Clara et Hannah ouvrent leur blog, au printemps 2011 : l'écureuil du net ! à lire absolument !!!!
Merci à François Bon, qui a accueilli sur Publie.net les Carnets Lointains, et le Manuel anti-onirique.

samedi 23 octobre 2010

Carnets lointains, 19 (ligne de fuite)


Il n'est pas nécessaire d'avoir une ligne de fuite pour la prendre.

Cette fois la tangente ne suffira pas. La tangente a trop en commun avec tous les cercles vicieux dont on cherche à se défaire, et toutes les spirales infernales dont on ne sortira pas. La tangente, même dans sa pure abstraction géométrique, a conservé avec leur circularité infernale un point qui nous rattache à eux et qui ne nous permet pas de leur échapper, le point est là, qui fixe, qui traverse le cœur, comme une fixation insupportable, comme une fixité fascinante. Un seul point, mathématique, arraché à l'espace, suffira pour empêcher la fuite et pour anéantir tous les rêves dans un fracas de papier qu'on froisse. Il ne faut laisser aucun détail au hasard, il ne faut rien oublier, ne rien oublier dans la fuite et dans la débandade, tout doit être parfait pour éviter que les imprécisions de notre dessein ne nous rattrapent, au moment où nous goûtions à la saveur des possibles. 

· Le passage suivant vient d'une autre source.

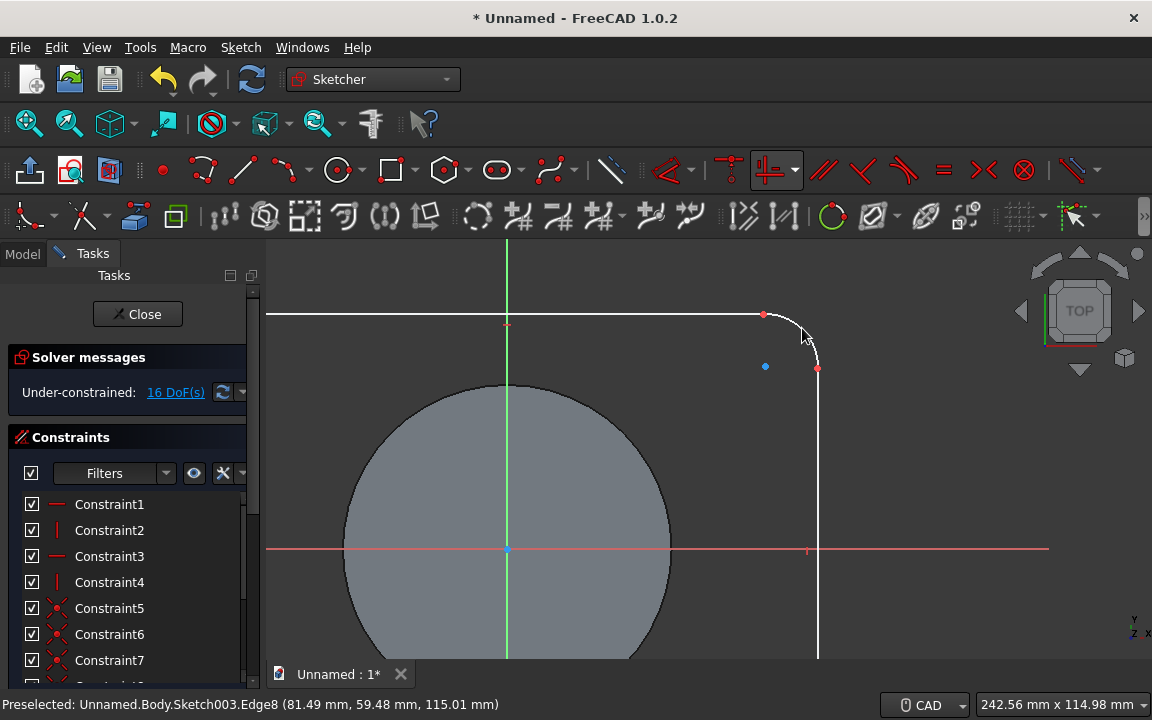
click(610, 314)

On pourrait essayer la sécante. 
 
Suivre, pour fuir, une sécante sèche et imparable, tracée au cordeau dans l'impossible de nos vies, une sécante absurdement raide, qui tombe droite sur le monde, et s'en éloigne aussi vide. Il y a des univers calmes — j'en ai identifié quelques uns, les mathématiques, la logique, la musique, langages parfaits et silencieux — et parfois on y imagine des sécantes décidées  et précises comme la déchirure d'un scalpel dans de la soie, qui traversent les pages d'un seul geste intraitable. La sécante a des avantages, et un instant j'envisage de la suivre. Tout sectionner, couper net, les veines et la parole, couper la gorger, trancher dans le vif, couper court, et c'en est fini. Certes on traverse tout, mais après, il ne reste rien. 
 
Ce serait tentant, j'en conviens, assurément, pendant quelques secondes, la tentation est grande, mais je ne me vois pas réaliser une telle perfection de cruauté dans l'épaisseur pâteuse du monde matériel.

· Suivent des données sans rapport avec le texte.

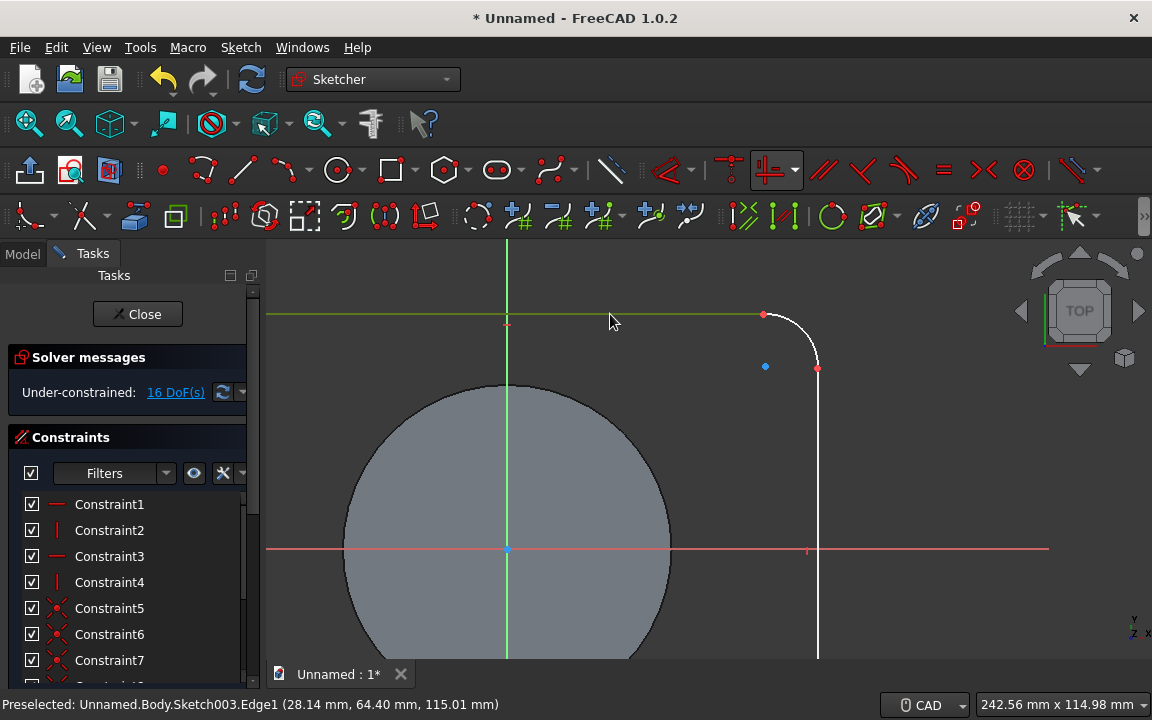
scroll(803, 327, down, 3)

La perpendiculaire ne donnera rien. Je le sens bien dans la course qui m'emporte, et il est temps de trouver une solution. Je ne vais pas tenir longtemps, je suis déjà à bout de souffle, et bientôt il faudra trouver une autre voie pour cette journée que la seule course au loin. Cela ne peut pas durer, il me faut là, dans le paysage, au milieu des tours verticales qui se reflètent imprécises sur la surface tremblée du fleuve, une solution mathématique et une ligne de fuite. Il n'y a qu'à suivre la première qui se présentera, n'importe laquelle, un reflet, un décalé, qui assure de n'être jamais repris. La solution sera mathématique et inflexible. 
 
J'opte pour la parallèle. 
 
On opère sans drame et sans intersection fatale, il n'est pas nécessaire de trancher entre les purs possibles et ceux qui se sont actualisés, il n'est pas nécessaire de fracasser la surface du miroir, ni de se complaire dans le point d'impact qui rayonnera dans toute la matière et la fissurera, et qui continuera, ensuite, de gagner du terrain. Il n'y a qu'à suivre, très légèrement en retrait, une ligne qui jamais ne rejoindra rien. Le départ est sans retour possible, un léger pas de côté, il n'est besoin de rien d'autre, une fois que l'écart est fait, un écart, quelque chose, sans doute, comme un refus d'obstacle, et après cela, il n'y aura plus de retour possible.
 
La victoire sera minuscule et absolue. En parallèle du monde.